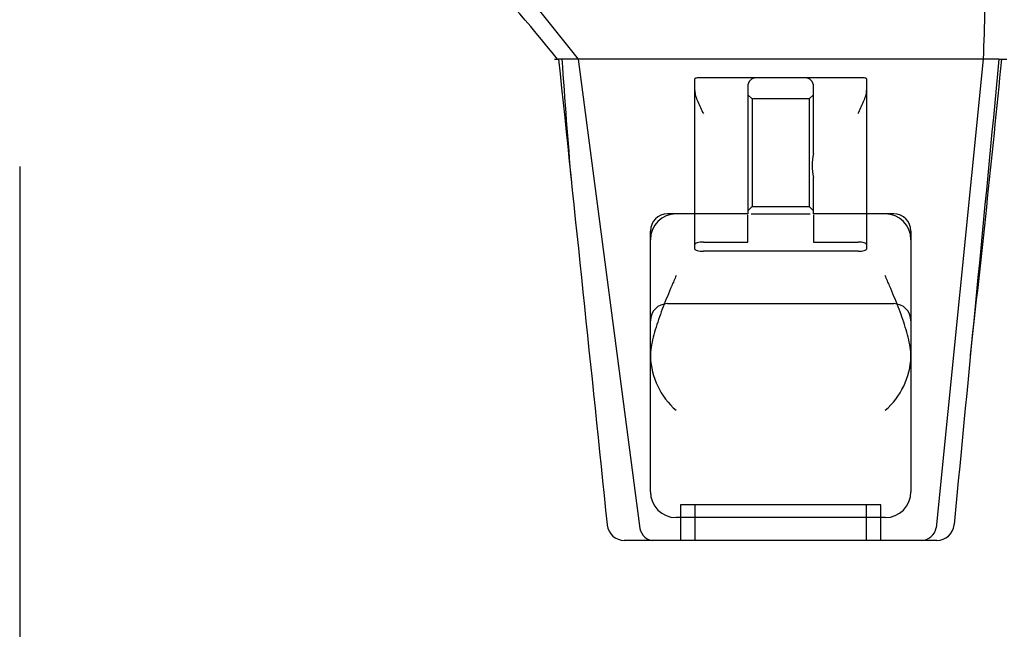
# Model space of a CAD drawing. Header units: inches. Extents: x 1 to 359, y -2 to 239.
# Tile 67 of 99: x 124.06 to 127.5, y 192.11 to 194.24. Entities that reach past the tile are written whole.
import ezdxf
from ezdxf.enums import TextEntityAlignment as Align
from ezdxf.lldxf.tags import DXFTag

# ---------------------------------------------------------------- set-up
doc = ezdxf.new("R2010")
doc.units = ezdxf.units.IN
doc.header["$MEASUREMENT"] = 0
doc.layers.add('Default', color=7, linetype='Continuous')
doc.layers.add('HAN13068', color=7, linetype='Continuous')
doc.styles.add('SEACAD_Times_New_Roman', font='times.ttf')
tags = doc.linetypes.add('HIDDEN2', pattern=[0.1875, 0.125, -0.0625]).pattern_tags.tags
tags[6:7] = [DXFTag(74, 4), DXFTag(75, 0), DXFTag(340, '0'), DXFTag(46, 0.0), DXFTag(50, 0.0), DXFTag(44, 0.0), DXFTag(45, 0.0)]
tags[4:5] = [DXFTag(74, 4), DXFTag(75, 0), DXFTag(340, '0'), DXFTag(46, 0.0), DXFTag(50, 0.0), DXFTag(44, 0.0), DXFTag(45, 0.0)]
doc.dimstyles.new('HAMMOND_(STH_-_540x360)', dxfattribs={"dimtxt": 2, "dimasz": 2.5, "dimexe": 1, "dimexo": 1, "dimgap": 0.5, "dimtad": 0, "dimtih": 1, "dimtoh": 1, "dimzin": 0, "dimdsep": 46, "dimtxsty": 'SEACAD_Times_New_Roman', "dimblk1": '_SE_FILLED', "dimblk2": '_SE_FILLED', "dimsah": 1, "dimcen": 1, "dimadec": 0, "dimazin": 0, "dimtfac": 0.8, "dimtofl": 0, "dimtmove": 0, "dimatfit": 3, "dimfxl": 1, "dimtolj": 1, "dimtzin": 0, "dimarcsym": 0})

# ---------------------------------------------------------------- blocks, each defined once
blk = doc.blocks.new('SE3')
at = {"layer": 'HAN13068', "color": 7, "linetype": 'Continuous'}
for p, q in [((125.7296, 194.4549), (126.0131, 194.0999)), ((125.9305, 194.0999), (125.9452, 194.0999)), ((126.0131, 194.0999), (125.9452, 194.0999)), ((126.0586, 194.0999), (126.0131, 194.0999)), ((126.0131, 194.0999), (126.2286, 192.4619)), ((126.1503, 194.0999), (126.0586, 194.0999)), ((127.4277, 194.0999), (126.1503, 194.0999)), ((127.4277, 194.0999), (127.2636, 192.4645)), ((127.4571, 194.0999), (127.4277, 194.0999)), ((127.4726, 194.0999), (127.4571, 194.0999)), ((127.4827, 194.0999), (127.4726, 194.0999)), ((127.4827, 194.0999), (127.5102, 194.0999)), ((126.1146, 192.4753), (126.1148, 192.4736)), ((127.3256, 192.4741), (127.3258, 192.476)), ((126.2744, 192.4199), (126.1745, 192.4199)), ((127.2113, 192.4199), (126.2744, 192.4199)), ((127.2659, 192.4199), (127.2113, 192.4199))]:
    blk.add_line(p, q, dxfattribs=at)
at = {"layer": 'HAN13068', "color": 7, "linetype": 'HIDDEN2'}
for p, q in [((126.4204, 193.4535), (126.4204, 194.0313)), ((126.6354, 194.0349), (126.4504, 194.0349)), ((126.8054, 194.0349), (126.6354, 194.0349)), ((126.9904, 194.0349), (126.8054, 194.0349)), ((127.0204, 194.0313), (127.0204, 193.4535)), ((126.6054, 194.0049), (126.6054, 193.5599)), ((126.8354, 193.7704), (126.8354, 194.0049)), ((126.6204, 193.9611), (126.6054, 193.9761)), ((126.8354, 193.9761), (126.8204, 193.9611)), ((126.6204, 193.9611), (126.6204, 193.5861)), ((126.8204, 193.9611), (126.6204, 193.9611)), ((126.8204, 193.9611), (126.8204, 193.5861)), ((126.8354, 193.5599), (126.8354, 193.6872)), ((126.6054, 193.5711), (126.6204, 193.5861)), ((126.6204, 193.5861), (126.8204, 193.5861)), ((126.8204, 193.5861), (126.8354, 193.5711)), ((126.6054, 193.5599), (126.3254, 193.5599)), ((126.6054, 193.4614), (126.6054, 193.557)), ((126.6177, 193.5599), (126.8231, 193.5599)), ((127.1154, 193.5599), (126.8354, 193.5599)), ((126.8354, 193.557), (126.8354, 193.4614)), ((126.2654, 192.5899), (126.2654, 193.4999)), ((127.1754, 193.4999), (127.1754, 192.5899)), ((126.4204, 193.437), (126.4204, 193.4535)), ((126.4504, 193.4614), (126.6054, 193.4614)), ((126.8354, 193.4614), (126.9904, 193.4614)), ((127.0204, 193.4535), (127.0204, 193.437)), ((126.9904, 193.4296), (126.4504, 193.4296)), ((126.3254, 193.2466), (127.1154, 193.2466)), ((127.0704, 192.5449), (126.3704, 192.5449)), ((126.3704, 192.5449), (126.3704, 192.4199)), ((126.4204, 192.5449), (126.4204, 192.4199)), ((127.0204, 192.4199), (127.0204, 192.5449)), ((127.0704, 192.4199), (127.0704, 192.5449)), ((127.0854, 192.4999), (126.3554, 192.4999))]:
    blk.add_line(p, q, dxfattribs=at)
at = {"layer": 'HAN13068', "color": 7, "linetype": 'Continuous'}
for centre, radius, start, end in [((121.8386, 190.8227), 5.2509, 38.6173, 43.7666), ((65.466, 200.1444), 62.3201, 353.478407, 354.434088), ((126.1745, 192.4799), 0.06, 185.9929, 270.0075), ((127.2093, 192.4753), 0.0554, 272.131, 348.8293), ((127.2659, 192.4799), 0.06, 269.9911, 354.4242)]:
    blk.add_arc(centre, radius, start, end, dxfattribs=at)
at = {"layer": 'HAN13068', "color": 7, "linetype": 'HIDDEN2'}
for centre, radius, start, end in [((141.8555, 195.0972), 15.9299, 183.5892, 185.13371), ((126.6354, 194.0049), 0.03, 90, 180), ((126.8054, 194.0049), 0.03, 0, 90), ((126.9899, 193.7288), 0.1599, 164.9117, 195.0883), ((126.3554, 193.4699), 0.09, 90, 180), ((126.3254, 193.4999), 0.06, 90, 180), ((127.0854, 193.4699), 0.09, 0, 90), ((127.1154, 193.4999), 0.06, 0, 90), ((126.3254, 193.1866), 0.06, 90, 180), ((127.1154, 193.1866), 0.06, 0, 90), ((126.3065, 193.0625), 0.0411, 180.0026, 181.6536), ((126.5246, 193.0709), 0.2593, 182.0981, 229.2851), ((126.9163, 193.0709), 0.2593, 310.7149, 357.9019), ((126.3554, 192.5899), 0.09, 180, 270), ((127.0854, 192.5899), 0.09, 270, 0)]:
    blk.add_arc(centre, radius, start, end, dxfattribs=at)
at = {"layer": 'HAN13068', "color": 7, "linetype": 'Continuous'}
for points in [[(127.439, 194.4549), (127.4352, 194.3366), (127.4315, 194.2183), (127.4277, 194.0999)], [(125.9451, 194.0999), (126.0017, 193.5584), (126.0581, 193.0168), (126.1146, 192.4753)], [(127.4827, 194.0999), (127.4304, 193.5586), (127.3781, 193.0173), (127.3258, 192.476)]]:
    blk.add_open_spline(points, degree=3, dxfattribs=at)
at = {"layer": 'HAN13068', "color": 7, "linetype": 'HIDDEN2'}
for points, knots in [([(126.4504, 194.0349), (126.4464, 194.0349), (126.4425, 194.0349), (126.4352, 194.0349), (126.4319, 194.0348), (126.4264, 194.0344), (126.4241, 194.0341), (126.4212, 194.033), (126.4204, 194.0322), (126.4204, 194.0313)], [0, 0, 0, 0, 0.25, 0.25, 0.5, 0.5, 0.75, 0.75, 1, 1, 1, 1]), ([(127.0204, 194.0313), (127.0204, 194.0322), (127.0197, 194.033), (127.0167, 194.0341), (127.0145, 194.0344), (127.0062, 194.035), (126.9984, 194.0349), (126.9904, 194.0349)], [0, 0, 0, 0, 0.25, 0.25, 0.5, 0.5, 1, 1, 1, 1]), ([(126.4204, 193.9912), (126.4204, 193.9851), (126.4217, 193.9788), (126.4255, 193.9655), (126.428, 193.9588), (126.4365, 193.9382), (126.4435, 193.924), (126.4504, 193.9099)], [0, 0, 0, 0, 0.25, 0.25, 0.5, 0.5, 1, 1, 1, 1]), ([(126.9904, 193.9099), (126.9973, 193.924), (127.0043, 193.9382), (127.0128, 193.9588), (127.0153, 193.9655), (127.0192, 193.9788), (127.0204, 193.9851), (127.0204, 193.9912)], [0, 0, 0, 0, 0.5, 0.5, 0.75, 0.75, 1, 1, 1, 1]), ([(126.4504, 193.4614), (126.4464, 193.4614), (126.4424, 193.4612), (126.4351, 193.4604), (126.4318, 193.4598), (126.4236, 193.4576), (126.4204, 193.4556), (126.4204, 193.4535)], [0, 0, 0, 0, 0.25, 0.25, 0.5, 0.5, 1, 1, 1, 1]), ([(127.0204, 193.4535), (127.0204, 193.4545), (127.0197, 193.4555), (127.0167, 193.4574), (127.0146, 193.4583), (127.0063, 193.4605), (126.9985, 193.4614), (126.9904, 193.4614)], [0, 0, 0, 0, 0.25, 0.25, 0.5, 0.5, 1, 1, 1, 1]), ([(126.4204, 193.437), (126.4204, 193.436), (126.4212, 193.4351), (126.4241, 193.4333), (126.4263, 193.4325), (126.4345, 193.4304), (126.4424, 193.4296), (126.4504, 193.4296)], [0, 0, 0, 0, 0.25, 0.25, 0.5, 0.5, 1, 1, 1, 1]), ([(126.9904, 193.4296), (126.9944, 193.4296), (126.9984, 193.4298), (127.0057, 193.4305), (127.009, 193.4311), (127.0173, 193.4331), (127.0204, 193.435), (127.0204, 193.437)], [0, 0, 0, 0, 0.25, 0.25, 0.5, 0.5, 1, 1, 1, 1]), ([(126.3554, 193.345), (126.3503, 193.3329), (126.3451, 193.3206), (126.3348, 193.2963), (126.3298, 193.2841), (126.3149, 193.2477), (126.3055, 193.2238), (126.2929, 193.1882), (126.2889, 193.1764), (126.2815, 193.1528), (126.2782, 193.1409), (126.2696, 193.1059), (126.2657, 193.0833), (126.2654, 193.0614)], [0, 0, 0, 0, 0.125, 0.125, 0.25, 0.25, 0.5, 0.5, 0.625, 0.625, 0.75, 0.75, 1, 1, 1, 1]), ([(127.1754, 193.0614), (127.1751, 193.0833), (127.1712, 193.1059), (127.1627, 193.1409), (127.1593, 193.1528), (127.152, 193.1764), (127.148, 193.1882), (127.1353, 193.2238), (127.1259, 193.2477), (127.1111, 193.2841), (127.106, 193.2963), (127.0958, 193.3206), (127.0906, 193.3329), (127.0854, 193.345)], [0, 0, 0, 0, 0.25, 0.25, 0.375, 0.375, 0.5, 0.5, 0.75, 0.75, 0.875, 0.875, 1, 1, 1, 1])]:
    blk.add_open_spline(points, degree=3, knots=knots, dxfattribs=at)
at = {"layer": 'HAN13068', "color": 7, "linetype": 'Continuous'}
blk.add_open_spline([(126.2286, 192.4619), (126.2316, 192.4499), (126.2378, 192.4391), (126.2542, 192.4241), (126.2643, 192.4199), (126.2744, 192.4199)], degree=3, knots=[0, 0, 0, 0, 0.5, 0.5, 1, 1, 1, 1], dxfattribs=at)
blk = doc.blocks.new('DMBLK10')
at = {"layer": 'Default', "linetype": 'Continuous', "transparency": 16777216}
for points in [[(126.5634, 187.876), (126.5634, 188.7094), (124.0634, 188.2927)], [(143.5634, 187.876), (146.0634, 188.2927), (143.5634, 188.7094)]]:
    blk.add_hatch(color=7, dxfattribs=at).paths.add_polyline_path(points)
at = {"layer": 'Default', "color": 7, "linetype": 'Continuous', "transparency": 16777216}
for p, q in [((124.0634, 193.7249), (124.0634, 187.2927)), ((146.0634, 193.7249), (146.0634, 187.2927)), ((130.1691, 188.2927), (124.0634, 188.2927)), ((146.0634, 188.2927), (139.9577, 188.2927))]:
    blk.add_line(p, q, dxfattribs=at)
at = {"layer": 'Default', "color": 7, "linetype": 'Continuous', "transparency": 16777216, "style": 'SEACAD_Times_New_Roman'}
for s, p in [('22.00', (131.6511, 189.2927)), ('DOOR', (130.8691, 186.2927))]:
    blk.add_text(s, height=2, dxfattribs=at).set_placement(p, align=Align.TOP_LEFT)
blk = doc.blocks.new('_SE_FILLED')
at = {"color": 0}
blk.add_line((0, 0), (-1, 0), dxfattribs=at)
blk.add_solid([(0, 0), (-1, -0.1665), (-1, 0.1665), (0, 0)], dxfattribs=at)

msp = doc.modelspace()

# ---------------------------------------------------------------- block references
at = {"layer": 'Default'}
msp.add_blockref('SE3', (0, 0), dxfattribs=at)

# ---------------------------------------------------------------- dimensions: what is measured, and where the dimension line sits
at = {"layer": 'Default', "color": 7, "linetype": 'Continuous'}
dim = msp.add_linear_dim(base=(124.0634, 188.2927), p1=(146.0634, 194.7249), p2=(124.0634, 194.7249), text='\\A1;<>\\PDOOR', dimstyle='HAMMOND_(STH_-_540x360)', dxfattribs=at)
dim.commit()
dim.dimension.update_dxf_attribs({"geometry": 'DMBLK10', "text_midpoint": (135.0634, 188.2927), "dimtype": 160})

doc.saveas('drawing.dxf')
***
# Problem description:
In how many lines of the material does the word "transparency" appear? Respond with the number only.

# Output:
3